Eu descobri que eu tinha uma escolha

A escolha? Quem tem uma escolha quando tudo que eles querem fazer é morrer? Eu vou te dizer, porque achei a escolha. É por isso que eu estou sentado aqui, escrevendo isso agora, para pessoas que são como eu era antes. Um amigo meu está no hospital agora se perguntando se ela deve viver ou morrer. Pelo menos é isso que suas ações estão me dizendo. Eu nem sabia que havia muitas maneiras de tentar morrer em um hospital, até que ouvi todas as coisas que ela conseguiu tente na semana passada. Eu estava no hospital uma vez como ela era. Eu estava morrendo de fome-me a morte, muito deprimido, tendo flashbacks de ser estuprada, e querer morrer mais do que eu já tive na minha vida. Até que eu descobri a escolha.

Pode soar um pouco estranho falar de uma escolha no contexto das desesperadamente querer morrer, mas é a única palavra que se encaixa nessa parte da minha própria história aqui. Veja, eu nunca soube que eu tive uma escolha. Eu nunca soube que havia uma alternativa. Eu pensei que a única maneira, para fora da dor que eu estava, era a morte.
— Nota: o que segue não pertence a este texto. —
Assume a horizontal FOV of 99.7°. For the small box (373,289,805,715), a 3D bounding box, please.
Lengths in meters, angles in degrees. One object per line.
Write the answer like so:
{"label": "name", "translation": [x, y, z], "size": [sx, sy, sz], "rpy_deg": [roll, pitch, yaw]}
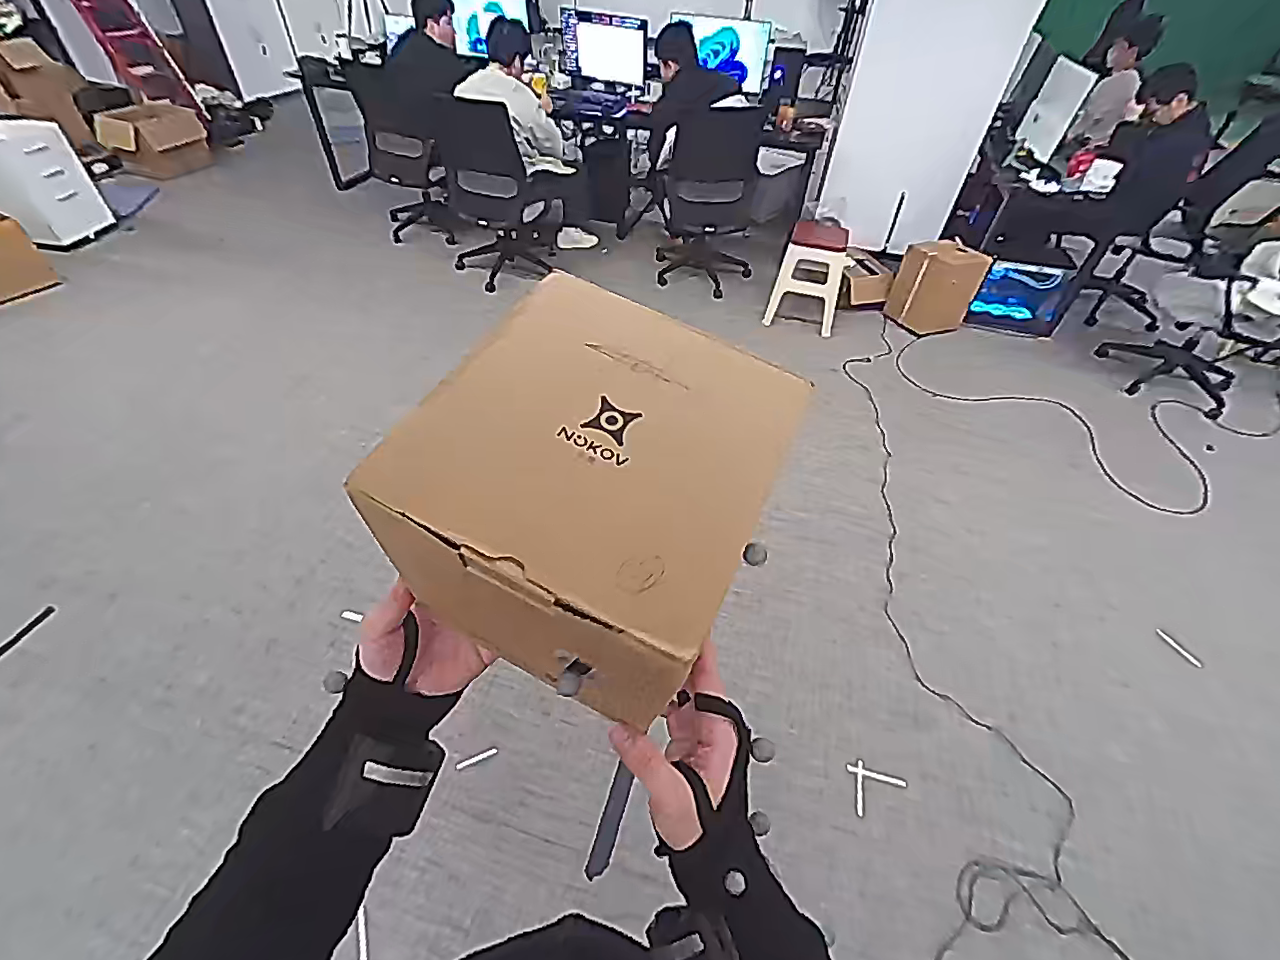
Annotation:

Eu tinha tentado todas as formas destrutivas de sair da dor que eu tive a coragem de tentar, mas todos eles tinham deixado de trabalhar para mim. Acredite em mim ou não, eu nunca, nunca soube que não havia nenhuma outra maneira fora da minha dor que não seja algo permanente e final. Até que chegou à beira do precipício que eu te falei. Então lá estava eu, olhando para a morte na cara, a ousadia com que ele não me levar, e boom. Sim, boom. Assim mesmo.

Eu percebi o quanto eu queria viver

Eu queria morrer tão mal que eu finalmente percebi o quanto eu queria viver. Percebi que não era o que eu queria a morte por si só. Eu vi que eu queria a vida sem dor. Eu não queria viver a vida se sentindo miserável mais. Eu queria a vida como as outras pessoas tinham. Eu queria me sentir viva e feliz, e alegre, como as outras pessoas andando pela rua. E então outra coisa muito estranha aconteceu. Tomei consciência de algo que eu não tinha conhecido antes. Agora lembre-se, eu tenho uma Ivy League educação, então não é que eu não sou um pouco inteligente. Mas acredite em mim ou não, eu nunca tinha percebido, até este ponto da minha vida, como incrivelmente morte final seria. E, de repente, quando eu queria morrer mais mal do que eu jamais queria morrer, eu percebi que eu nunca teria outra chance na vida. Que, não importa o quão ruim eu senti que minha vida tinha sido até este ponto, eu nunca mais teria a oportunidade de viver de qualquer maneira.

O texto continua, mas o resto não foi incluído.